In a different community, these would be tweets.
Fluttershy has a chicken named Elizabeak, and a potted plant, named Elizabeet.
Max Factor is a valid pony name. He’s a scientist, not a stylist.
Fluttershy: So what it’s like, being a tree? I always wanted to be a tree. Groot: I am Groot.
Make Trixie Great and Powerful Again!
“Selenography” is the scientific name for Luna’s memoirs.
Dashboard is a place where Rainbow Dash posts announcements of Wonderbolt performances. In Equestria Girls, however, it’s a popular insult to use for Rainbow Dash.
“I have alcohol stashed all over Ponyville. For alcoholic emergencies.”
The dominant religion among ponies is stereotheism.
There is one more Pie sister, but the family has disowned Kinkie Pie. So she married an Apple and changed her name. We don’t know much about her, but her son is Adam Apple.
Cheese Sandwich walks into a bar. The bartender says, “Sorry, we don’t serve food here.”
Rarity Instigates.
The Lizard of Ows: Rarity is shipping Fluttershy with Tin Woodsman and enlists the help of Spike. Spike suffers.
Deep in the bowels of the Equestrian equivalent of IKEA, a real Swede is hidden in a padded, windowless room. He thinks up product names. Nobody knows what sort of alien plays the part in the human IKEA…
If Treehugger loves plants so much… what does she eat?
Rainbow Dash and her dreaded enemy Monochrome Crawl.

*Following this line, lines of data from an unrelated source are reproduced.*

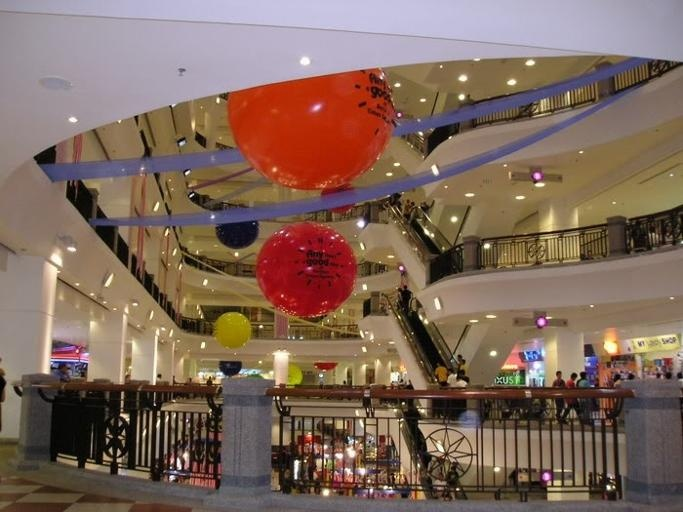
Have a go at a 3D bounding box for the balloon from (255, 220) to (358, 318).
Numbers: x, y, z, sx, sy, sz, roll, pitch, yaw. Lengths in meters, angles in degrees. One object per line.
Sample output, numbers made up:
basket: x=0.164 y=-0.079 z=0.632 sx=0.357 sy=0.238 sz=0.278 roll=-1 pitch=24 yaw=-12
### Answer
balloon: x=-0.319 y=0.133 z=5.299 sx=0.995 sy=0.843 sz=0.882 roll=15 pitch=0 yaw=3

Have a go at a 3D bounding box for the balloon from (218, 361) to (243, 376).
balloon: x=-5.065 y=5.088 z=25.246 sx=0.857 sy=0.645 sz=0.865 roll=6 pitch=-7 yaw=-28

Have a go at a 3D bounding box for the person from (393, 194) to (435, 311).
person: x=2.438 y=-0.834 z=18.233 sx=0.597 sy=4.086 sz=0.701 roll=-21 pitch=-60 yaw=2

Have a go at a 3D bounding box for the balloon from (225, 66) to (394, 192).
balloon: x=-0.273 y=-0.861 z=3.662 sx=0.939 sy=0.843 sz=0.835 roll=2 pitch=-53 yaw=-18

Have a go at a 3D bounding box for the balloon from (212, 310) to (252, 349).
balloon: x=-2.407 y=1.661 z=12.316 sx=0.817 sy=0.969 sz=0.821 roll=3 pitch=7 yaw=-6

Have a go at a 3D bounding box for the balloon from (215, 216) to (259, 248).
balloon: x=-1.872 y=-0.426 z=10.128 sx=0.879 sy=0.440 sz=0.727 roll=-11 pitch=-20 yaw=31

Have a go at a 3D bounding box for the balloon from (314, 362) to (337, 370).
balloon: x=-0.959 y=5.902 z=29.575 sx=1.118 sy=0.412 sz=1.132 roll=-7 pitch=-13 yaw=29

Fortune favors the bold. Fame favors the italic.
Maybe I should do one of these. It'd certainly help clear out the useless bits and scraps.
Also, now I want to write a story entitled Rarity Instantiates.
4002995 You really should, you're one of the few who could pull it off well I think.
Intriguing and amusing. I like this better than twitter as you get to read more all at once.
4002995
Please do. To both. :)
Fruit that has naturally fallen from trees. She's careful to always save the seeds.
4003102
I.e. she robs the children of plants of their food, right. :)
Hmn... I have a chicken named Elizabeak. And others named Peckingham. Henrietta, Cluckwork, and Mrs. Squabble. I have not, however, given punny names to any of my trees or plants. Maybe I should start?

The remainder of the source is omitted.